I recently had an experience myself where I canceled my unlimited long-distance service with Bellsouth and the same day they downthrottled my 3 Mbps account to 1.5 Mbps speed (probably a measure aimed at those dumping them for VoIP service, to make VoIP look bad). Being a geek, I noticed right away and called them on it. They explained that they must have "made a mistake" (yeah, a "mistake" that just happened to have occurred on the exact same day I cancelled my long-distance plan with them) and returned me to 3 Mbps with curious ease.
Now, if a big company like Bellsouth has the balls to do something so brazen, it must mean that they KNOW that most of their customers will never notice. And that was MUCH more obvious than site-specific down-throttling.
-Eric
SJW: Someone who has run out of real oppression, and has to fake it.
I was listening to (I believe) NPR the other day and an advocate of the telecoms explained the situation to make it sound like the new multimedia applications (YouTube, Google Video, etc) were the bad guys. But, behind his explanation was this:
"We've traditionally used bandwidth as a marketing stat. The average Joe never uses the full extent of their available bandwidth. But now, new applications are popping up and changing this at our expense. We also believe that the providers (google, youtube, etc) are serving these applications at no cost so, instead of charging more for bandwidth, we'd like to do something entirely more profitable."
The straw man here is that the providers *do* pay for their side of the bandwidth. It just boils down to the fact that the telecoms would rather implement greed instead of pragmatism as a solution.
More
I've always thought of this the other way around.

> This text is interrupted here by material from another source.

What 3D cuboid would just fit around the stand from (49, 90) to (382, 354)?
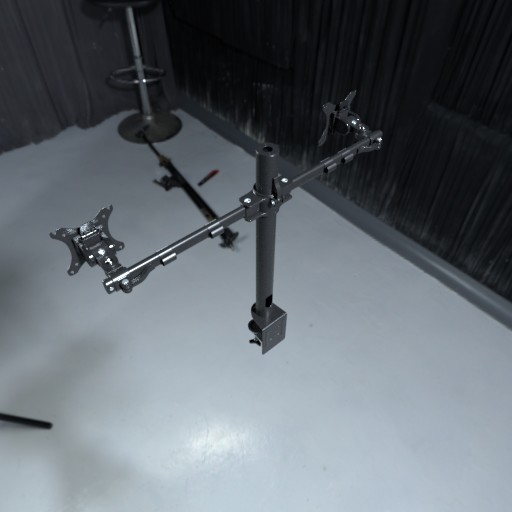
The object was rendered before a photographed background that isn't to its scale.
[{"bbox_3d":[0.000,0.000,1.017,0.743,0.603,0.150,-32,55,-26],"label":"stand"}]

The ISPs are making money by providing access to Google et al. Shouldn't they be paying Google to have access to their networks?
No one would sign up for an ISP without access to the major websites. So google is providing value to that ISP and the ISP should pay for it. Not the other way around.

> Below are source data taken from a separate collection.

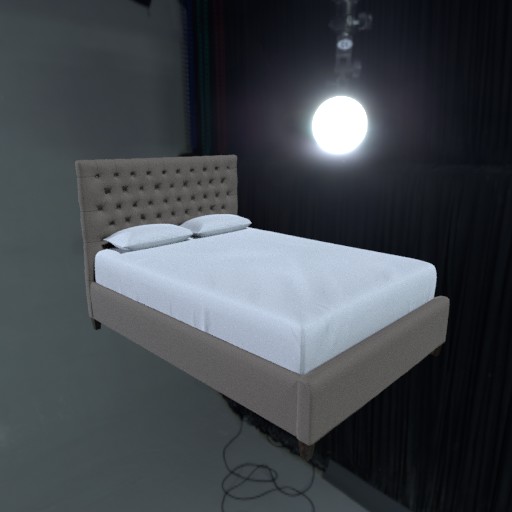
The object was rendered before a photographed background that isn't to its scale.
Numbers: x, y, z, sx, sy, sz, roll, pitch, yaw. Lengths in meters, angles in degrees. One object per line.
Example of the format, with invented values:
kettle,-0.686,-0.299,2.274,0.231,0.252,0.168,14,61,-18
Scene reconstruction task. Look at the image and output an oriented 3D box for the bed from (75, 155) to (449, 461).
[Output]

But, and here's the question I've been struggling with over the last few days, what happens when the connection is encrypted? HTTPS or SSH or SSL or TLS? What can you route on? Source and dest IP only, I would think. Maybe that will be the lowest on the pole - "if your connection is encrypted, it gets the lowest service, since we can't tell what is going over that connection." Seems that's a good way to keep Joe Sixpack from using encryption - "hey, my stuff is running slowly. Guess I won't use that encryption stuff." Not that he uses it anyway. Maybe that's the next step in the bill - "in order to enforce this bill, we must require that all communications be unencrypted." Kind of a scary thought, no?
The reason why they want tiers is this:
You (consumers) pay for your bandwidth. The ISP sells bandwidth but it oversells it because they know that not everyone will be online downloading a 1.7 Gig file at the same time. So it's economical for them to offer low low prices on the bandwidth they sell to us (consumers).

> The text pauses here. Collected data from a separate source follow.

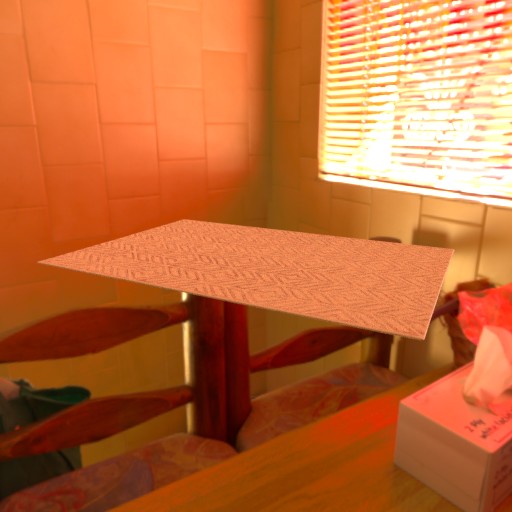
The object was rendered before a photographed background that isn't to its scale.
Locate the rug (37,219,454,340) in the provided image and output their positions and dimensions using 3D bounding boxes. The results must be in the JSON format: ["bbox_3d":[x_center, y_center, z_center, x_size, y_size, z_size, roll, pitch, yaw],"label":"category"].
[{"bbox_3d":[0.000,0.000,2.324,1.828,0.007,1.220,8,18,26],"label":"rug"}]
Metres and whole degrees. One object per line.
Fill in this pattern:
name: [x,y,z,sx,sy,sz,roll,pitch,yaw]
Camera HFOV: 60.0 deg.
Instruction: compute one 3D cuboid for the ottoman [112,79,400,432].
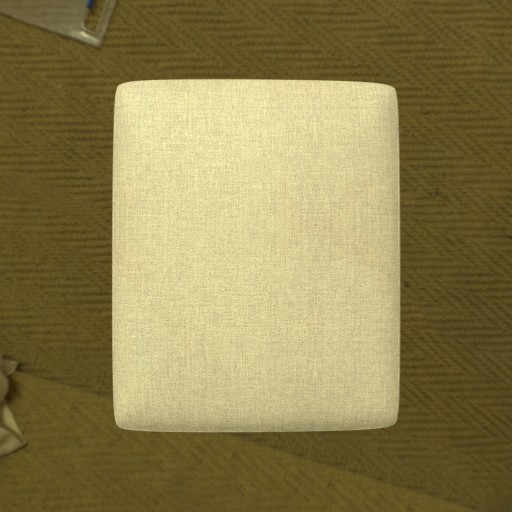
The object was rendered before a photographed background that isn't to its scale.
ottoman: [0.000,0.000,1.200,0.671,0.490,0.820,0,90,-1]

Now that people are doing bandwidth hogging things like downloading movies from big commercial websites, and now that the Last mile ISP's want to bring you bandwidth hogging stuff like IPTV, they have a dilemma. They've oversubscribed their pipes. There is a growing need to move more data; they'll either need to pass that price on to us, the consumer, or someone else.
They've chosen someone else, the big commercial bandwidth providers.
There's a reason why this is so: sites like google and yahoo wouldn't make a single solitary dime of profit if people didn't visit their site. The ISP's don't want us (consumers) to go away by raising our prices, so they charge the commercial companies on the other end of the pipe, either by making them pay a dollar figure for priority access to us (the consumer) or by limiting the bandwidth available over the last mile.
We (consumers) are driving this change with our internet usage patterns. The network infrastructure if evolving; let it do it's thing without legislation.
The market will find the path of least resistance one way or another.